Building teamwork, try to work together is also one way of motivation. It will give energy and spirit, increase productivity in all dimensions. Costs will be reduced and staff turnover will decrease.
To sustain competitive advantage over rivals, to reduce number of technological and economical processes we need to automate all stages of production process. As a result, we can use personnel in other organizational needs. Technology powerfully supports business strategies and makes obstacles to enter the market other competitors. Our company trying to use the latest technology and software engineering to have competitive advantage, which will benefit for long period of time.
If most processes within systems will be automatic, the workers can develop and upgrade their knowledge and skills. These issues are very important for our staff.
All departments should collaborate and try to make warm and happy atmosphere.
There must be other department, who will learn about customers and clients. Focus on the target markets and try to look for new potential users.
Our product is an innovation in technology. Ideas and collaboration are the fuel for innovation. And organizations that can tap into and quickly leverage the collective creativity of their employees and customers have greater potential to disrupt the status quo and leapfrog the competition.” (IBM, 2007, pp. 2-8) The organizations must to have immunity to rapidly changing environment.

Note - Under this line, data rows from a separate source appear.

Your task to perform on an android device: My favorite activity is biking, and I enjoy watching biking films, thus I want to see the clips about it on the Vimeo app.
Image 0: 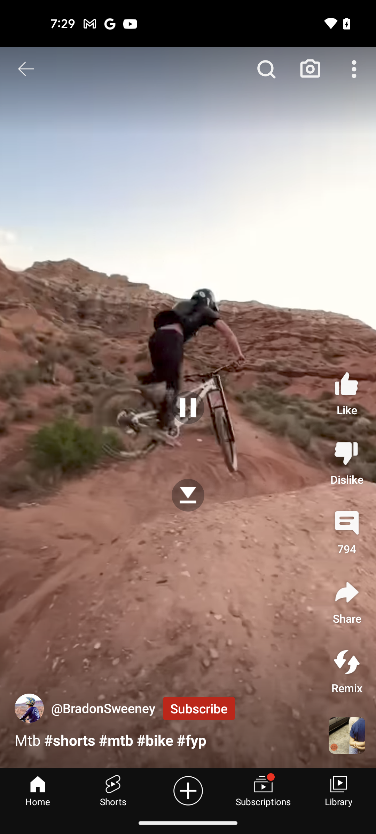
open the Vimeo app
Step 0: open app "Vimeo"
Image 1: 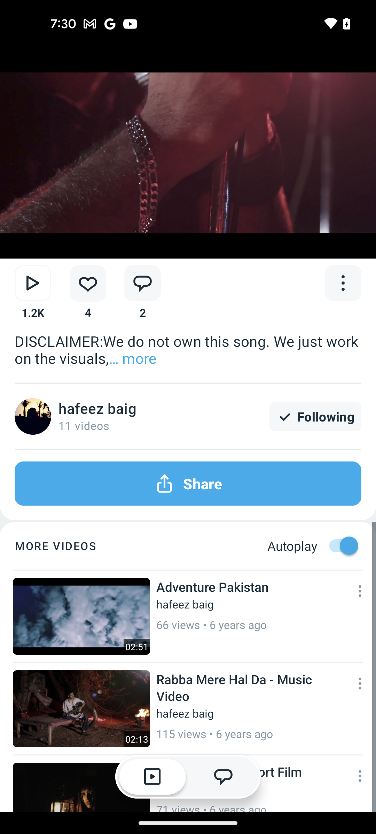
go back
Step 1: press back button
Image 2: 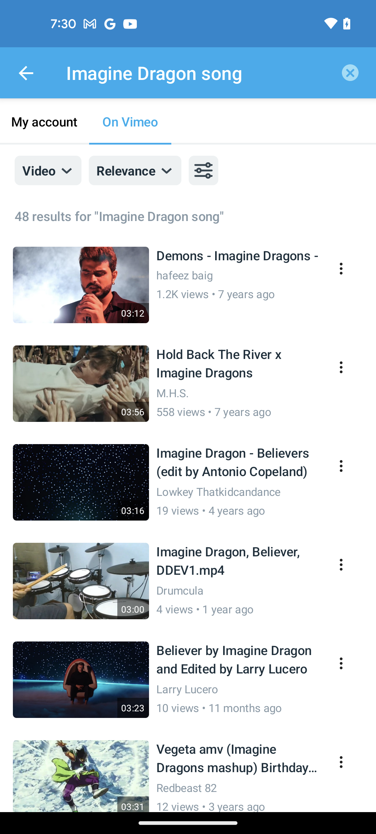
click on the cross icon to clear the search history at the top right corner of the screen
Step 2: click (350, 73)
Image 3: 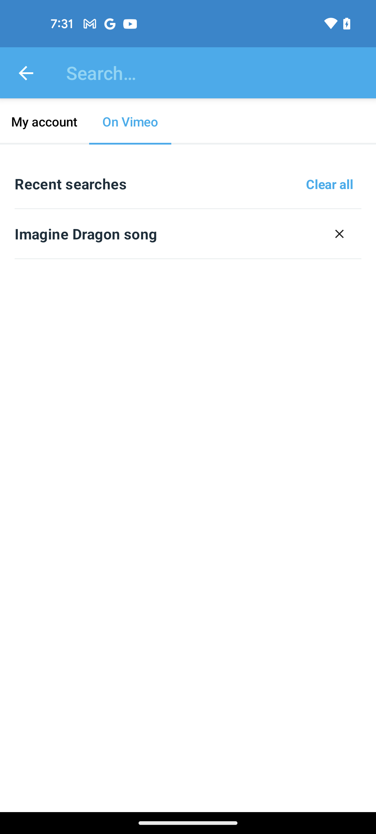
click on the search bar at the top of the screen
Step 3: click (219, 73)
Image 4: 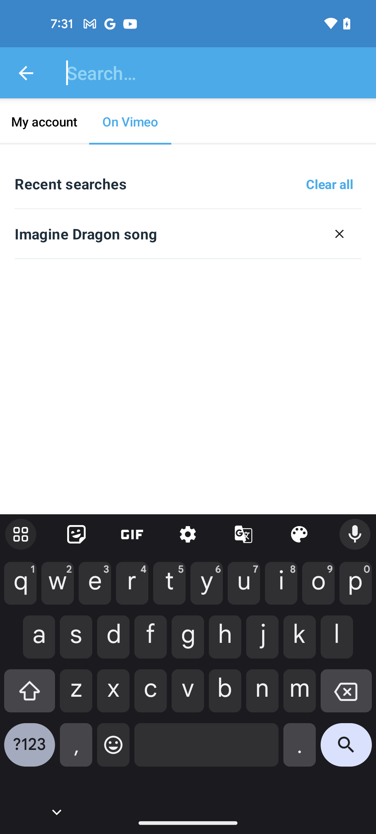
type the video name Biking
Step 4: type "Biking"
Image 5: 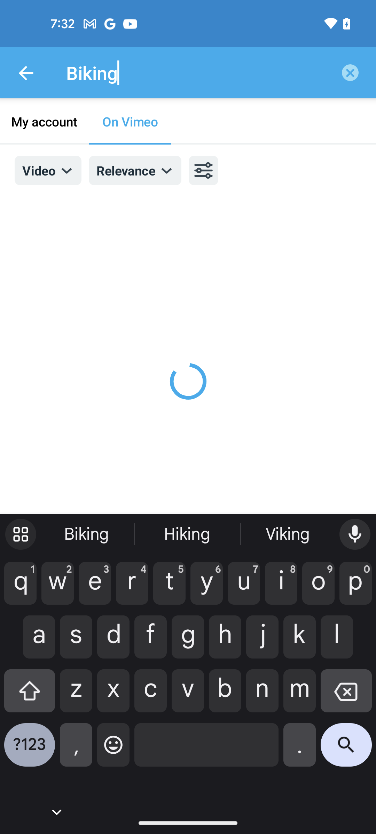
type the video name Biking
Step 5: wait
Image 7: 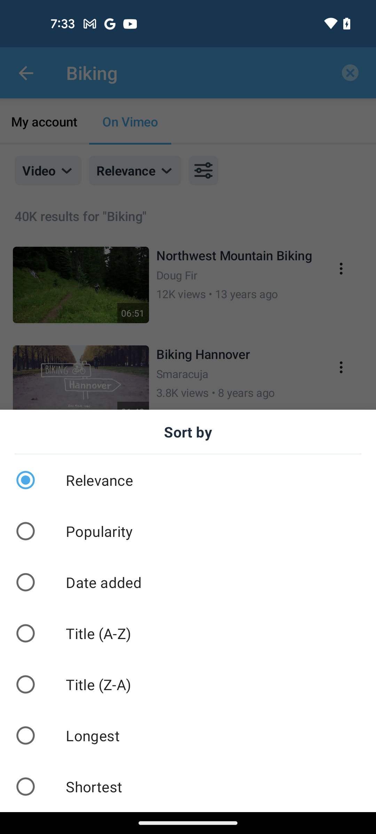
select the Shortest option
Step 7: click (94, 786)
Image 9: 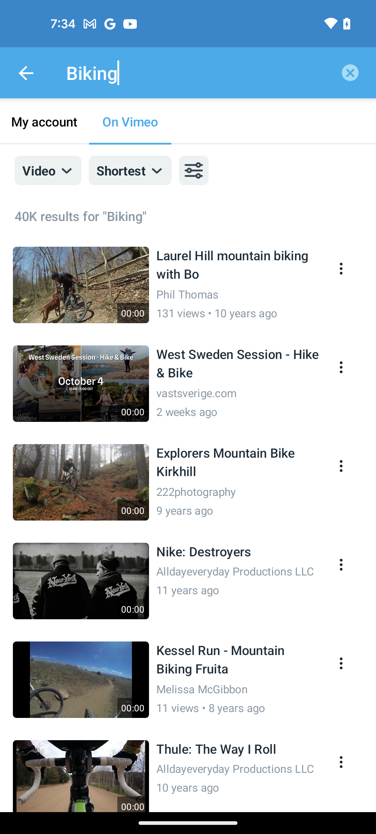
click on the first video on the list
Step 9: click (237, 264)
Image 10: 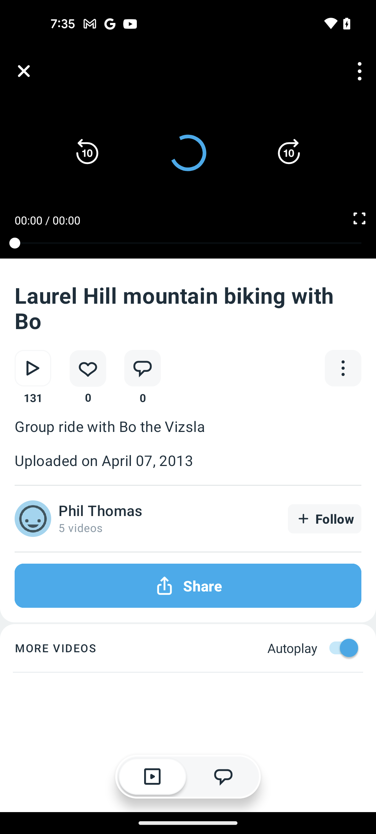
click on the first video on the list
Step 10: wait

The linkage between business and technology is very important issue. Where the technology needs to have; an optimal combination of scalability, flexibility and serviceability, keeping in mind the requirements and stakeholders expectations to support the business for organisations and satisfy the needs of consumers as defined in Shraddha Tilloo’s (2006, pp 1 – 12) study.
Moreover, we need to control major elements within system like time, quality, functions, resources and risks.
Reorganisation of the manufacture’s management and the way they operate is required. The structure of the organization must be flatter; to decrease the way the signal proceeds from top to down. Thus, it will make easier to control major elements. The new departments must be open like; Research and Development and Human Resources departments. They can consist from two and more employees due to our budget. Sometimes it’s better to involve independent specialists, who have fresh view on the current situations, and have deep knowledge and understanding in stringent fields.
Not enough to have just purchasing manager. We must mind advertising and promotion part of the strategy. It is very complex concept in purchasing process. Must be done external and internal assessment of the environments, it will help to select most optimal target market, increase income and save our budget. Our product will be well known and easy selling.
To integrate the subsystem of low quality of robot’s jointing compounds, we need to follow the operational techniques and the activities which will sustain a quality of product and service that will satisfy given needs. The quality management system must be developing with continuous improvement, to sustain quality and business objectives.
We analyzed the JEEVES PLC Company, which produces innovative product – the robot, designed to help our customers in domestic chores. To maintain quality and to analyze current dilemmas on all phases in production and trending processes we have been used the statistics from case study and quality control tools such as; flowcharts check sheets, Pareto diagrams, cause and effect diagrams, scatter diagrams and control charts. Above recommendations will affect the organization effectively, and will lead to continuous improving quality on all levels of the value chain and sustain competitive advantage over opponents.